## Assignment:
Which lines in the records below contain the word "name"? Copy each one.

[Stored data]
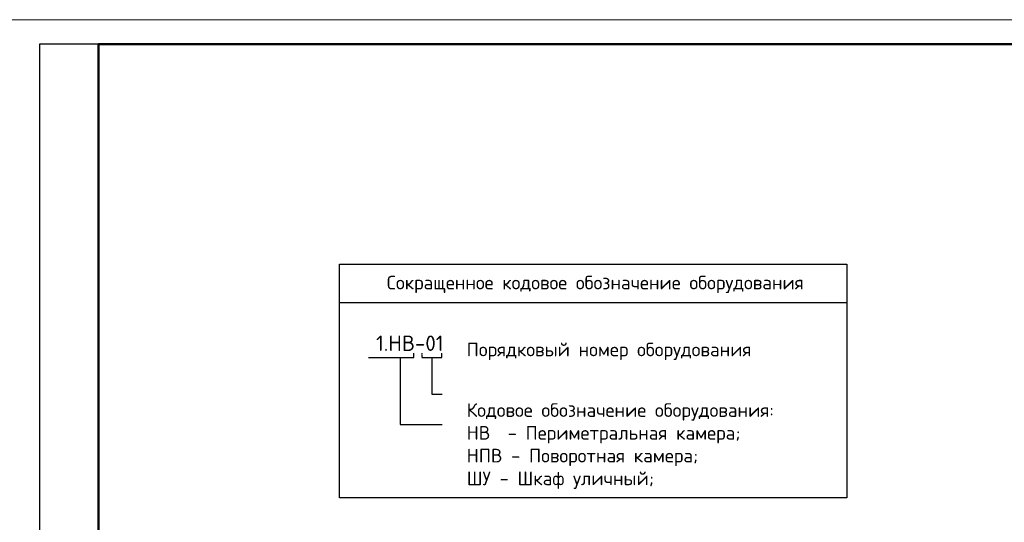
# Model space of a CAD drawing. Header units: millimetres. Extents: x 2008 to 593522, y -10016 to 93699.
# Tile 17 of 102: x 252444 to 272429, y 22011 to 32217. Entities that reach past the tile are written whole.
import ezdxf

# ---------------------------------------------------------------- set-up
doc = ezdxf.new("R2010")
doc.units = ezdxf.units.MM
doc.linetypes.add('ACAD_ISO12W100', pattern=[21, 12, -3, 0, -3, 0, -3])
for name, color, linetype in [('ATekst', 7, 'Continuous'), ('FGA. Текст (Text) RU', 7, 'Continuous'), ('FORMAT', 7, 'Continuous'), ('Wi-Fi', 7, 'Continuous')]:
    doc.layers.add(name, color=color, linetype=linetype)
doc.styles.add('ISO_1.0', font='isocpeur.ttf')

# ---------------------------------------------------------------- blocks, each defined once
blk = doc.blocks.new('*U4')
at = {"lineweight": 9}
blk.add_line((-20, 292), (400, 292), dxfattribs=at)
at = {"lineweight": 50}
for p, q in [((0, 0), (0, 287)), ((0, 287), (395, 287))]:
    blk.add_line(p, q, dxfattribs=at)

msp = doc.modelspace()

# ---------------------------------------------------------------- linework, layer by layer
at = {"color": 251, "lineweight": -3, "ltscale": 0.5, "true_color": 0x636466}
for p, q in [((260447.1214, 25359.0548, 43071855571432.3438), (260447.1214, 25443.2683, 43071855571432.3438)), ((260447.1214, 25359.0548, 43071855571432.3438), (260447.1214, 25443.2683, 43071855571432.3438)), ((261009.085, 25359.0548, 43071855571432.3438), (261009.085, 25443.2683, 43071855571432.3438)), ((261009.085, 25359.0548, 43071855571432.3438), (261009.085, 25443.2683, 43071855571432.3438)), ((259522.1759, 25359.0548, 43071855571432.3438), (260447.1214, 25359.0548, 43071855571432.3438)), ((259880.6863, 25359.0548, 43071855571432.3438), (260447.1214, 25359.0548, 43071855571432.3438)), ((260606.6477, 25359.0548, 43071855571432.3438), (261009.085, 25359.0548, 43071855571432.3438)), ((260606.6477, 25359.0548, 43071855571432.3438), (261009.085, 25359.0548, 43071855571432.3438))]:
    msp.add_line(p, q, dxfattribs=at)
at = {"color": 251, "linetype": 'ACAD_ISO12W100', "lineweight": -3, "ltscale": 0.5, "true_color": 0x636466}
msp.add_line((260606.6477, 25443.2683, 43071855571432.3438), (260606.6477, 25359.0548, 43071855571432.3438), dxfattribs=at)
msp.add_line((260606.6477, 25443.2683, 43071855571432.3438), (260606.6477, 25359.0548, 43071855571432.3438), dxfattribs=at)
at = {"color": 18, "lineweight": -3, "ltscale": 0.5, "true_color": 0x000000, "elevation": 43071855571432.3438}
for points in [[(260163.9039, 25359.0548), (260163.9039, 24000.5932), (261021.9362, 24000.5932)], [(260807.8664, 25359.0548), (260807.8664, 24613.719), (261021.9362, 24613.719)]]:
    msp.add_lwpolyline(points, dxfattribs=at)
at = {"layer": 'FORMAT', "color": 252, "true_color": 0x939598}
msp.add_lwpolyline([(252844.2283, 3016.9116), (293544.2283, 3016.9116), (293544.2283, 31716.9116), (252844.2283, 31716.9116)], close=True, dxfattribs=at)
at = {"layer": 'Wi-Fi', "color": 18, "lineweight": -3, "true_color": 0x000000, "elevation": 43071855571432.3438}
msp.add_lwpolyline([(258933.6021, 27251.2445), (269232.8946, 27251.2445), (269232.8946, 22510.4033), (258933.6021, 22510.4033)], close=True, dxfattribs=at)
msp.add_lwpolyline([(258933.6021, 26475.9727), (269232.8946, 26475.9727)], dxfattribs=at)

# ---------------------------------------------------------------- block references
at = {"layer": 'ATekst', "linetype": 'Continuous', "ltscale": 30, "xscale": 100, "yscale": 100, "zscale": 100}
msp.add_blockref('*U4', (254044.2283, 3016.9116), dxfattribs=at)

# ---------------------------------------------------------------- texts
at = {"layer": 'FGA. Текст (Text) RU', "lineweight": -3, "ltscale": 50, "insert": (259895.6036, 27017.5361, 43071855571432.3438), "char_height": 277.252308, "attachment_point": 1, "style": 'ISO_1.0'}
msp.add_mtext_dynamic_manual_height_columns('Сокращенное кодовое обозначение оборудования', width=13538.677187, gutter_width=9.9811, heights=[0], dxfattribs=at)
at = {"layer": 'FGA. Текст (Text) RU', "lineweight": -3, "attachment_point": 1, "style": 'ISO_1.0'}
for s, insert, char_height, width in [('\\pxr0.38236,ql,t46;1.НВ-01', (259677.7721, 25803.3039, 43071855571432.3438), 312.297, 1073.084184), ('\\pxr0.38236,ql,t46;{\\C256;\\c0;Порядковый номер оборудования}', (261517.6046, 25658.9953, 43071855571432.3438), 277.252308, 9925.907248), ('\\pxr0.38236,ql,t46;Кодовое обозначение оборудования:\\P\\pt3,46;НВ  - {\\C0;Периметральная камера};\\P\\pt46;НПВ - Поворотная камера;\\P\\pt3,46;ШУ - Шкаф уличный;', (261517.6046, 24428.4235, 43071855571432.3438), 277.252308, 6377.752855)]:
    msp.add_mtext(s, dxfattribs=dict(at, insert=insert, char_height=char_height, width=width))

doc.saveas('drawing.dxf')

## Finished task:
for name, color, linetype in [('ATekst', 7, 'Continuous'), ('FGA. Текст (Text) RU', 7, 'Continuous'), ('FORMAT', 7, 'Continuous'), ('Wi-Fi', 7, 'Continuous')]:
    doc.layers.add(name, color=color, linetype=linetype)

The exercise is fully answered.